Se a gente não planta, o chão não dá
Era uma quinta-feira, abril em lua crescente. No escuro da noite, depois de uma viagem íngreme e tortuosa, desembarcaram homens e mulheres, dos mais jovens aos mais velhos. Sem terras do Assentamento Terra Vista deixaram suas casas e roças para, em mutirão, contribuir com o sonho e a luta de Rita, de seu povo e de seu território. Em suas palavras, “o que eu quero é isso, que nós tenhamos abundância pra gente cuidar de todo mundo que tiver que ser cuidado por nós”. A caravana, diminuta pelos tempos de pandemia, terminou de aportar quando, logo em seguida, chegaram as mudas, sementes e ferramentas que trouxeram em um caminhão. Assim que o sol raiasse, pelos três dias seguintes, o trabalho conjunto daria forma concreta à construção de uma roça em sistema agroflorestal.
Glauber, filho de Pajé Rita, Pâmela e Kiune, do Terra Vista, trabalham durante o mutirão. Teia dos Povos, 2021.

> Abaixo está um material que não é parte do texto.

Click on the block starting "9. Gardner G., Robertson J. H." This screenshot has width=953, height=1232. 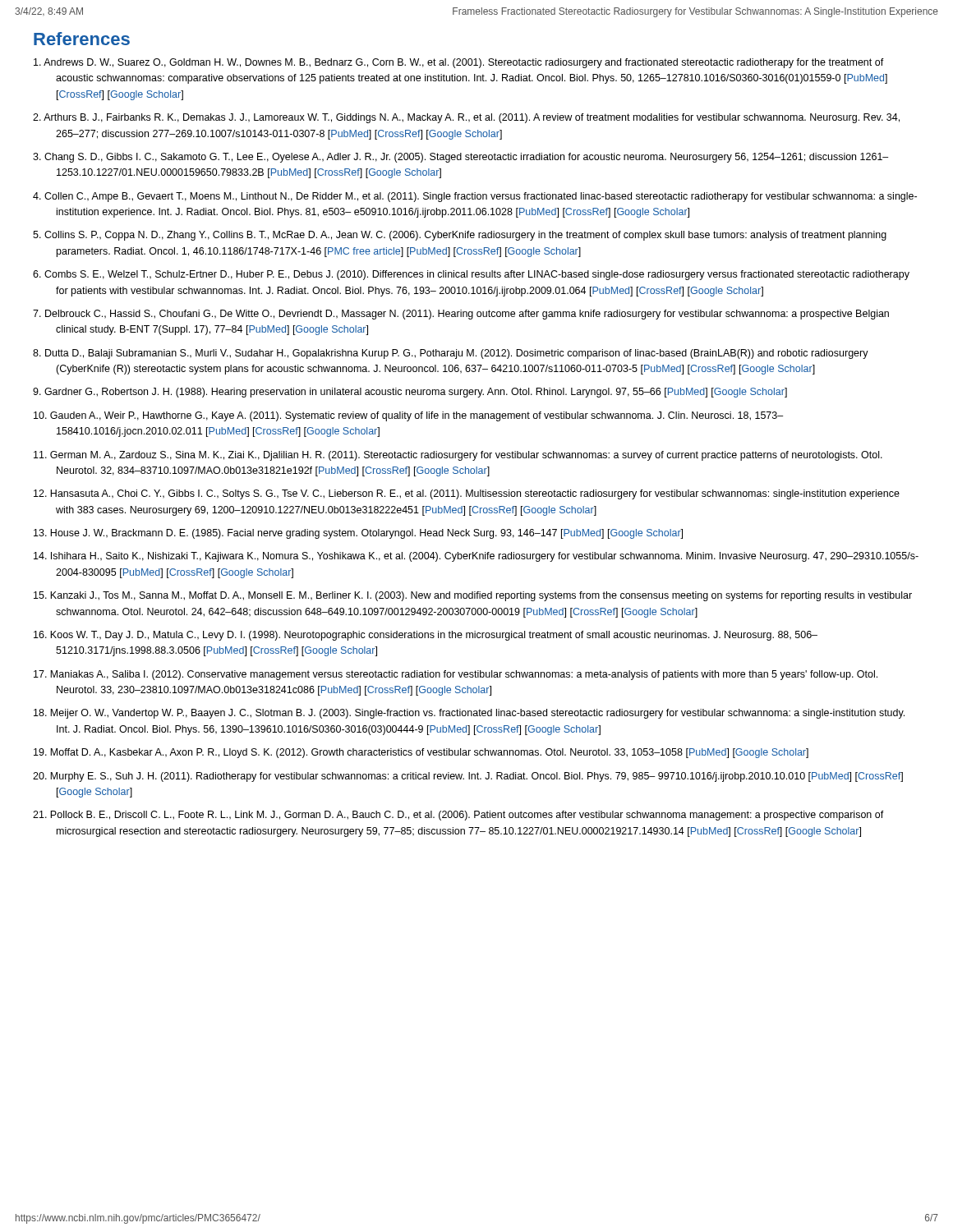[410, 392]
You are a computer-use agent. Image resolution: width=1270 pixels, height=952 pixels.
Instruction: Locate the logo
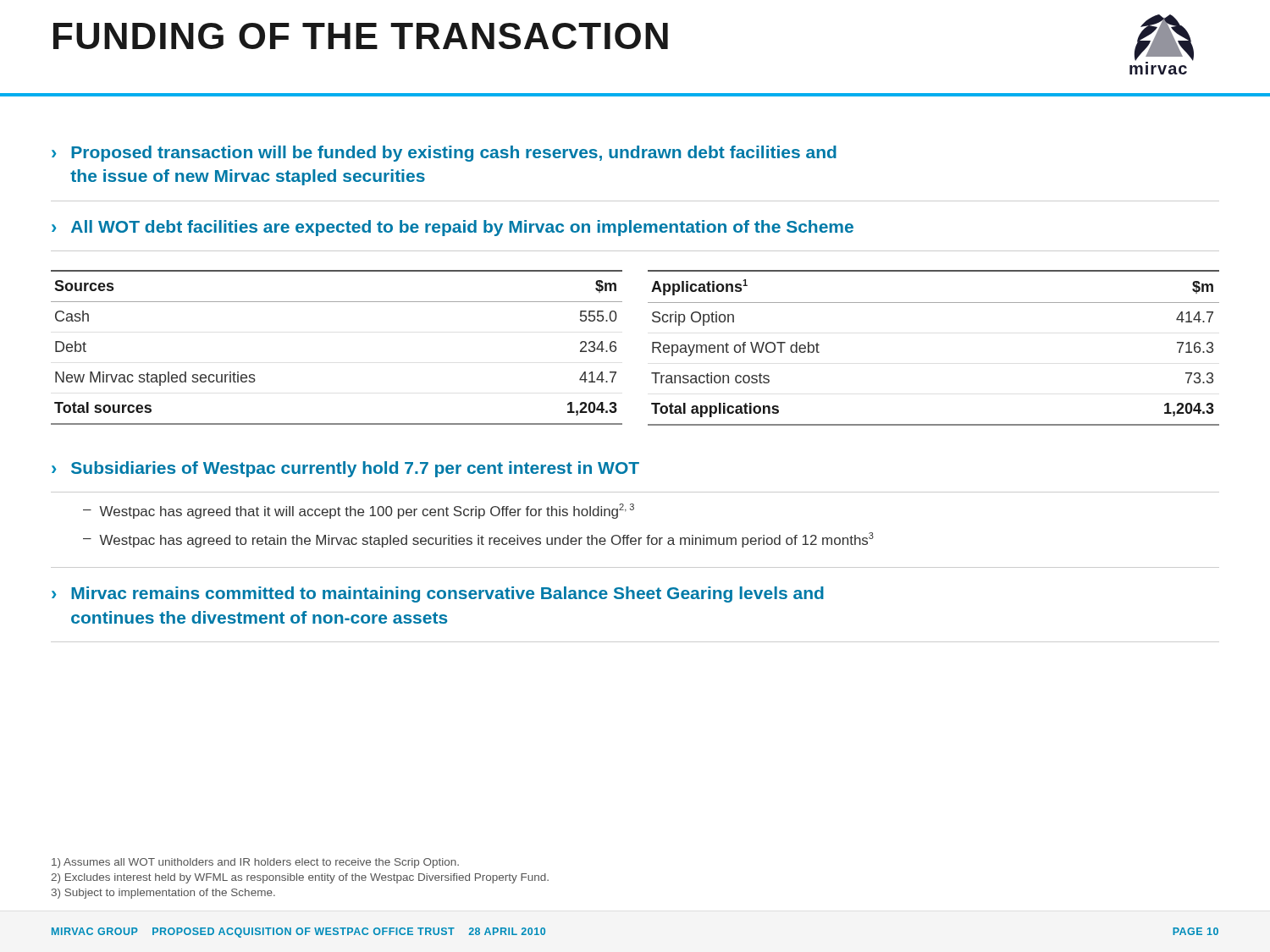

Árvores centenárias, na maioria nativas da Mata Atlântica, aliaram-se a bananeiras, cacaus, cupuaçus. Múltiplas mãos prepararam cuidadosos berços para que elas, agora pequenas mudas, cresçam, floresçam e frutifiquem, zelando umas das outras. Ao redor dessa assembleia florestal, as mesmas mãos indicaram o caminho para que os pés de frutas façam a guarda. Plantadas em linha e entre a estrada e as demais árvores, as pitangas, tangerinas e eugênias darão frutos aos que chegarem para uma visita e aos que pedirem uma pausa no trabalho da roça. Enquanto elas não crescem, ainda haverá o tempo e o espaço para plantar milho, batata, feijão e ervas medicinais à vontade. Até o capim, testemunha viva e insistente dos pastos que invadiram a Mata nativa, tem seu lugar garantido. Roçado para dar espaço ao cultivo, ele volta para a terra em forma de cobertor.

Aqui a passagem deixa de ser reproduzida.